• What the exercise asks: Restate word for word the lines of the material below, from the line with "Answer: Governor If" to the line with "Answer: Dr. Thomas", both lines included, and no others.

• Supplied material:
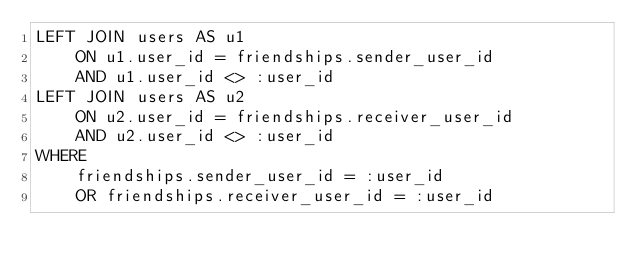Convert code to text. <code><loc_0><loc_0><loc_500><loc_500><_SQL_>LEFT JOIN users AS u1
    ON u1.user_id = friendships.sender_user_id
    AND u1.user_id <> :user_id
LEFT JOIN users AS u2
    ON u2.user_id = friendships.receiver_user_id
    AND u2.user_id <> :user_id
WHERE 
    friendships.sender_user_id = :user_id
    OR friendships.receiver_user_id = :user_id
</code> 
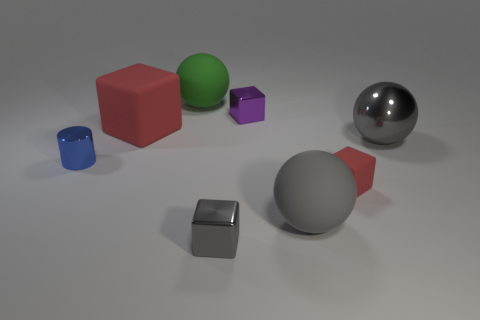Add 1 gray metal blocks. How many objects exist? 9 Subtract all cylinders. How many objects are left? 7 Subtract all large red things. Subtract all metal cylinders. How many objects are left? 6 Add 1 big green objects. How many big green objects are left? 2 Add 1 green balls. How many green balls exist? 2 Subtract 0 gray cylinders. How many objects are left? 8 
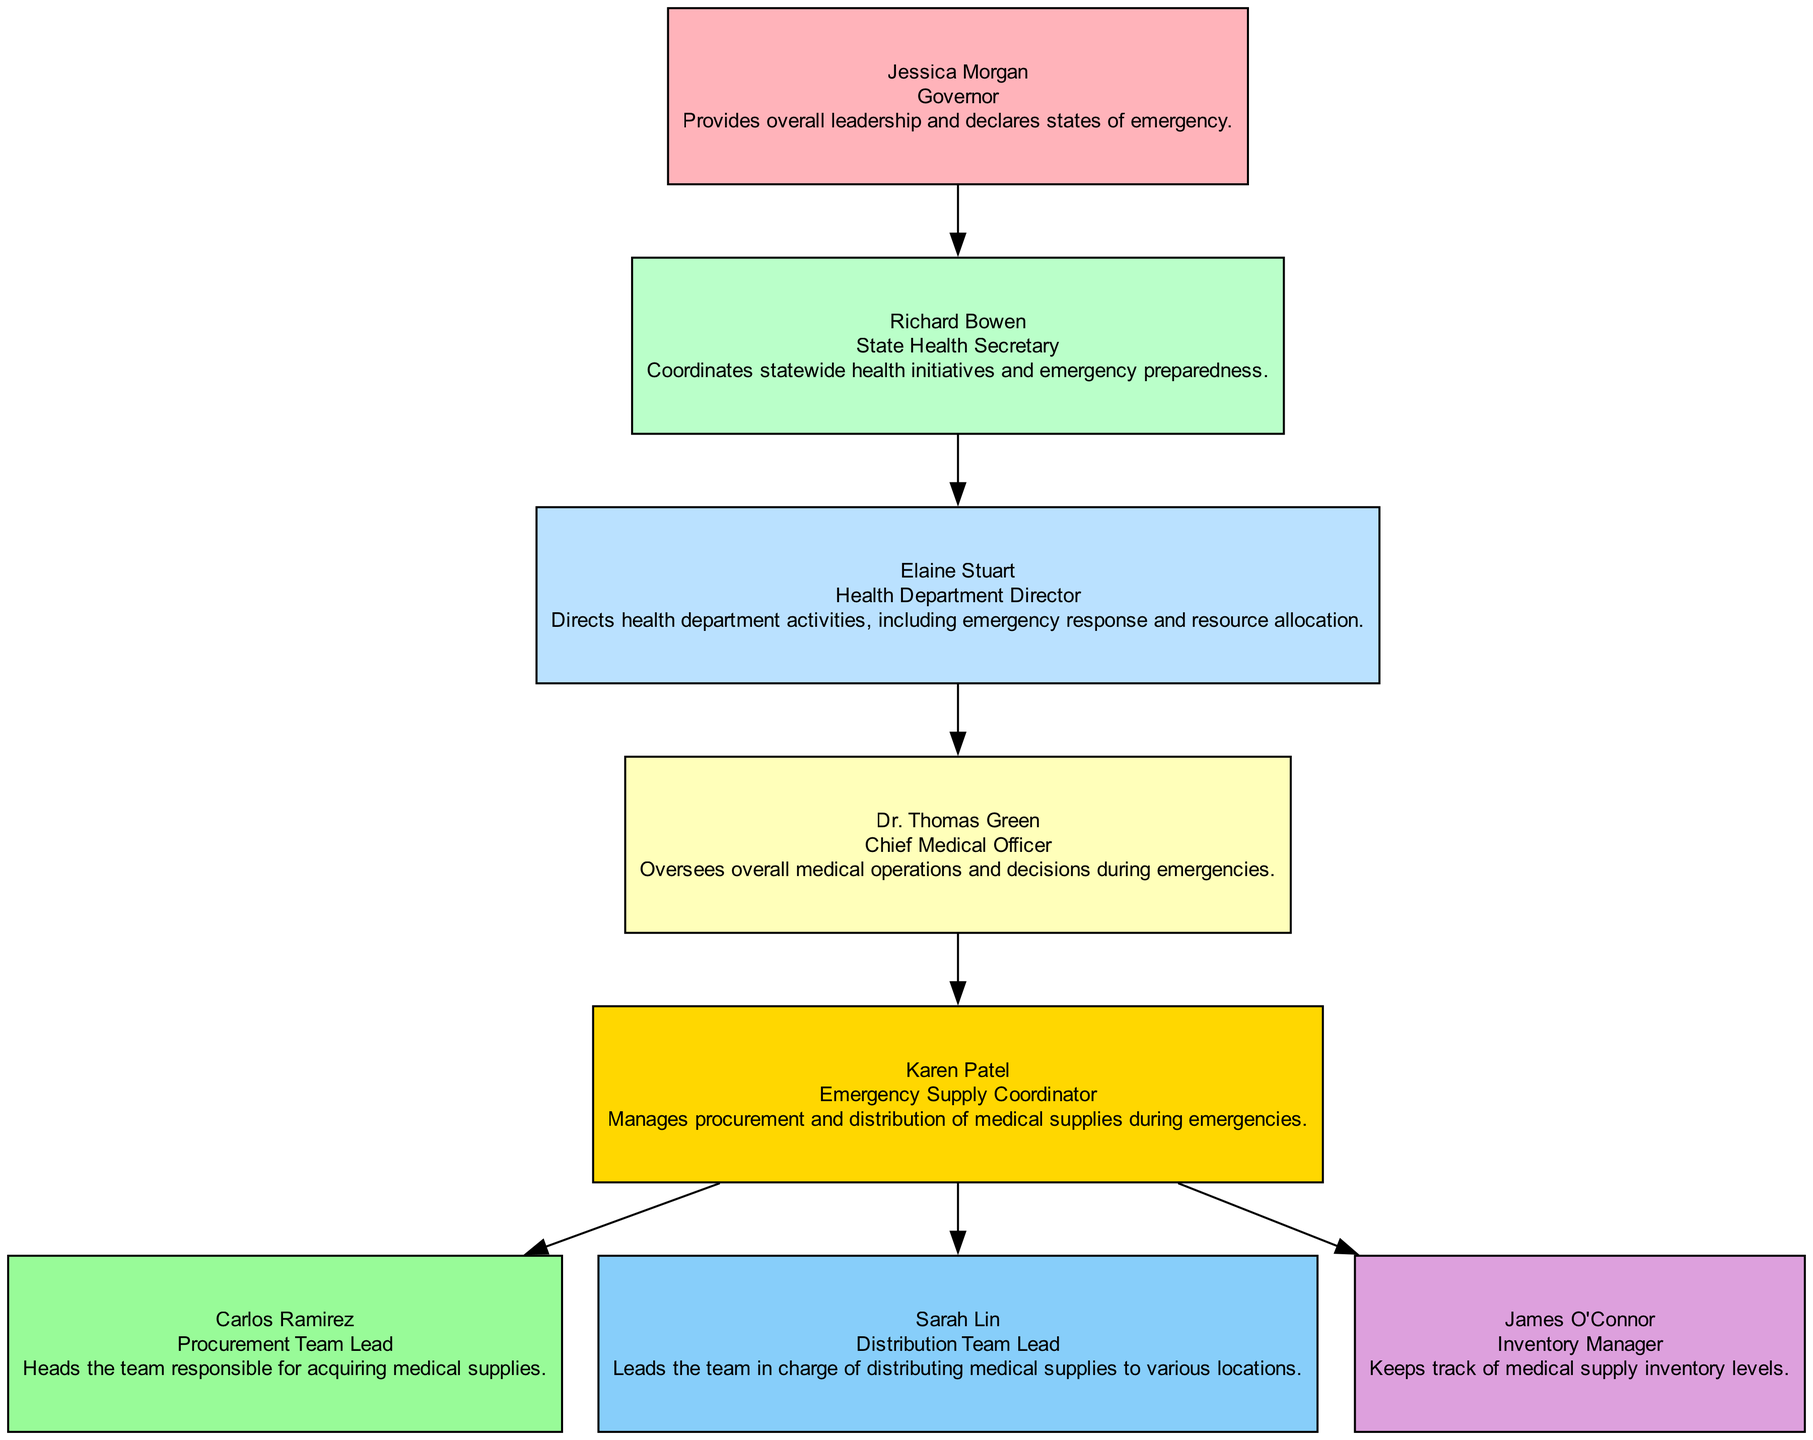What is the role of Dr. Thomas Green? Dr. Thomas Green is the Chief Medical Officer, which means he oversees overall medical operations and decisions during emergencies.
Answer: Chief Medical Officer Who does the Emergency Supply Coordinator report to? The Emergency Supply Coordinator, Karen Patel, reports to the Chief Medical Officer, Dr. Thomas Green, indicating a direct line of responsibility in the commands.
Answer: Chief Medical Officer How many individuals report directly to the Emergency Supply Coordinator? The Emergency Supply Coordinator has three individuals reporting to her, including the Procurement Team Lead, Distribution Team Lead, and Inventory Manager.
Answer: 3 What is the primary responsibility of the Governor? The Governor, Jessica Morgan, has the primary responsibility of providing overall leadership and declaring states of emergency, which is crucial during medical emergencies.
Answer: Provides overall leadership Who is responsible for keeping track of medical supply inventory levels? The person responsible for keeping track of medical supply inventory levels is James O'Connor, who holds the position of Inventory Manager within the emergency supply management chain.
Answer: James O'Connor What is the relationship between the Health Department Director and the State Health Secretary? The Health Department Director, Elaine Stuart, reports to the State Health Secretary, Richard Bowen, indicating that she is subordinate to him in the hierarchy of command.
Answer: Reports to Which position is at the top of the chain of command? At the top of the chain of command is the Governor, Jessica Morgan, who oversees the entire structure of emergency medical supply management and is responsible for state decision-making.
Answer: Governor If a new emergency arises, who makes the first immediate operational decision? The first immediate operational decision in a new emergency would be made by the Chief Medical Officer, Dr. Thomas Green, as he directly oversees medical operations during such situations.
Answer: Dr. Thomas Green Which team lead is responsible for the distribution of medical supplies? Sarah Lin holds the position of Distribution Team Lead and is explicitly responsible for leading the team that distributes medical supplies to various locations during emergencies.
Answer: Sarah Lin

• Solved exercise:
Answer: Governor If a new emergency arises, who makes the first immediate operational decision? The first immediate operational decision in a new emergency would be made by the Chief Medical Officer, Dr. Thomas Green, as he directly oversees medical operations during such situations.
Answer: Dr. Thomas Green Which team lead is responsible for the distribution of medical supplies? Sarah Lin holds the position of Distribution Team Lead and is explicitly responsible for leading the team that distributes medical supplies to various locations during emergencies.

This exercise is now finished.